Pain has been at a minimum.
I've been sleeping well, eating well, and my hair is growing in well.
My hair is growing in, yes, but I will never use those rollers again!
No serious complaints.
But still...
but still.
Some days are better than others.
Sometimes I look at my chest in the mirror and I cry.
The scars are long and still a little tender to the touch.
I hate the fact that I had to choose to have my breasts removed.
I hate the reminders that little scars on my abdomen provide -
my uterus, ovaries, cervix, and fallopian tubes are no more.
That sucks. Truly it does.
Some days I want to do to the supermarket shopping by myself.
But I can't lift grocery bags yet.
Some days I want to vacuum the stairs and the family room by myself.
But I can't lift the vacuum cleaner yet.
Sometimes I want to walk the long loop around my neighborhood.
But I don't have that much strength yet.
Some days I want to tackle the growing pile of ironing in the laundry room.
But I'm not supposed to take on tasks like that yet either.
Some days I want to cook a big meal, bake cookies, and clean up after myself.

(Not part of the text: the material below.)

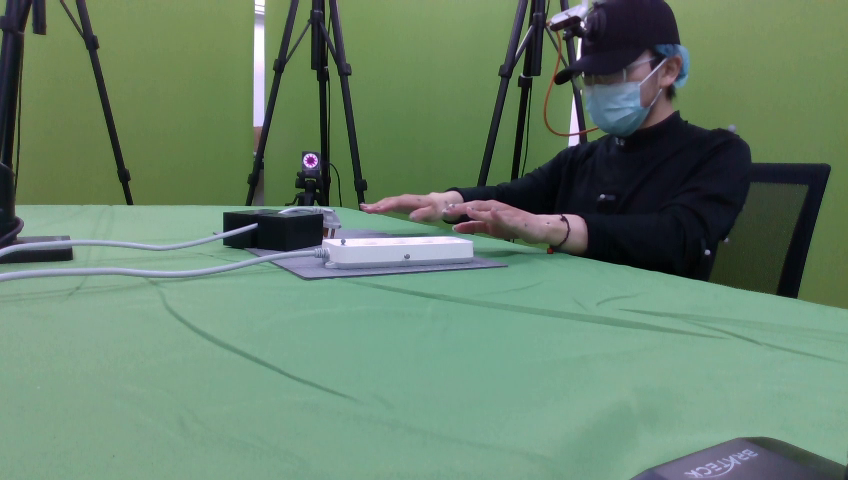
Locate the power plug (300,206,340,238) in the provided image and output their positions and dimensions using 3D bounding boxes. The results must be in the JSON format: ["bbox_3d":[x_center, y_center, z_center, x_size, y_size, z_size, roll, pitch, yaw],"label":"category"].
[{"bbox_3d":[-0.177,-0.030,1.022,0.073,0.052,0.035,6,8,-17],"label":"power plug"}]

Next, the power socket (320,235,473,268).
[{"bbox_3d":[-0.033,0.013,0.823,0.228,0.032,0.072,-2,8,-29],"label":"power socket"}]

But again, that kind of undertaking is going to have to wait a few more weeks.
Don't get me wrong; it is nice to NOT have to do all the chores I usually do.
It's nice to get a break from the heavy lifting, literally and figuratively.
It has been truly glorious to see how my family has stepped in and taken care of the food, the cooking, the laundry, and most of all, they have taken exceptional care of me.
It's just that every day that I can't do the things I want to do is a reminder of kanswer.
A reminder of that horrible diagnosis and the aftermath of treatment.
A reminder of the side effects of chemotherapy and the after effects of surgery.
At the same time, these scars, these lost and mangled fingernails remind me that I entered into the battle with kanswer and I have emerged victorious from this round. They remind me that I had to make difficult decisions in order to win this battle. They remind me that I fought hard to stay alive and now I choose to live my life with more joy, more faith, more courage, and more determination than ever. (Yes, chemo can cause you to lose your fingernails weeks after the therapy is completed. Chemotherapy is the gift that keeps on giving!)
It doesn't hurt, but it looks pretty dreadful.
Even though some days are definitely better than others,
I remain grateful that the worst of this phase of my life's journey is behind me.
I am grateful that there are far more good days than bad ones.
I am grateful for hope and a future.